Thursday, January 26, 2006

Vision work

I have been thinking about how to think about the prospect of the Lyme treatment making me recover. You may decide from the foregoing statement that I am a fear-driven, self-control freak. Well, but no. I'm just gifted with a multitrack mind and an invincible spirit. Plus, I'm modest.

Rationally I know that it's quite likely that I have ALS and Lyme, and that curing the Lyme won't stop the ALS any more than closing the barn door helps Uncle Reemus on date night after the horse has run out.

But I decided that it would be a bad move, in terms of strategic emotions, to center my expectations around the reality that Lyme treatment may not stop my ALS. I have decided, instead, to do positive vision work around the idea that this will save me from death.

You may worry that I am setting myself up for a big letdown if this doesn't prove to be the case. Well, prior to diagnosis I might have agreed with you. But my experience with ALS has taught me something that many of you have said, in one way or another, in comments: I am one strong, brave, admirable person. And modest.

I have faith in myself that I can do positive daydreaming about a recovery, AND deal with the reality of decline and death if the daydream does not come true. The past two years have taught me that.

The vision is this:

  1. The antibiotics will make me feel tired and wired. My metrics will continue to decline.

  2. I get the flu or experience some other health problem that makes me stop doing metrics.

  3. Once I recover, the metrics are even lower than before. This continues.

  4. Dr. Quack says that my blood work indicates remarkable improvement. I doubt his honesty.

  5. About three months later, I notice myself walking more smoothly, or with a greater sense of stability.
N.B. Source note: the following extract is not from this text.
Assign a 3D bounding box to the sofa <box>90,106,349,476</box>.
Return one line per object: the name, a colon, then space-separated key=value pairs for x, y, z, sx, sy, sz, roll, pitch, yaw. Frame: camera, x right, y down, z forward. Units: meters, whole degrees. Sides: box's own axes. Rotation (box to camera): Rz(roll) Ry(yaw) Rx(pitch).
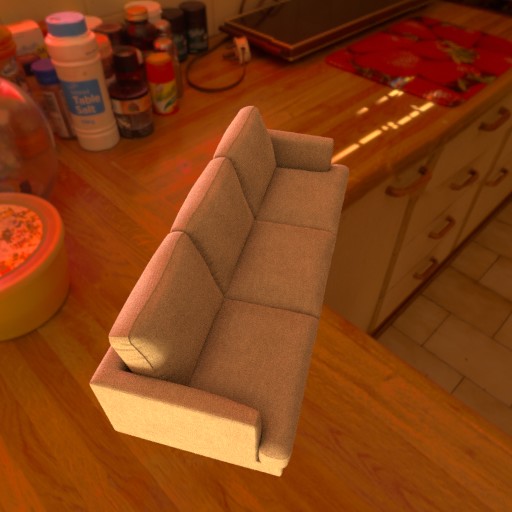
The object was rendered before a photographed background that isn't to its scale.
sofa: x=0.000 y=0.000 z=2.707 sx=0.903 sy=0.930 sz=2.246 roll=11 pitch=47 yaw=10

It doesn't show up in the metrics.

  6. Over the next six months, the metrics begin a gradual improvement in one area but not others.

  7. After that, all the metrics save one begins to improve. I maintain a significant 'scar' -- perhaps the weak left hand -- but I begin to feel confident that the ALS has been stopped and is reversing.

  8. I speak out about this to doctors and patients, and the universal response from the experts was that I was misdiagnosed, but that their theory of ALS remains solid.

  9. One day I find myself running to catch a dropped envelope tumbling in the breeze.

  10. Several years after that I am jogging for exercise on a regular basis, slowly and weakly to be sure, but running.

Whether or not it comes to pass, I think it is healthy and wise of me to build this vision.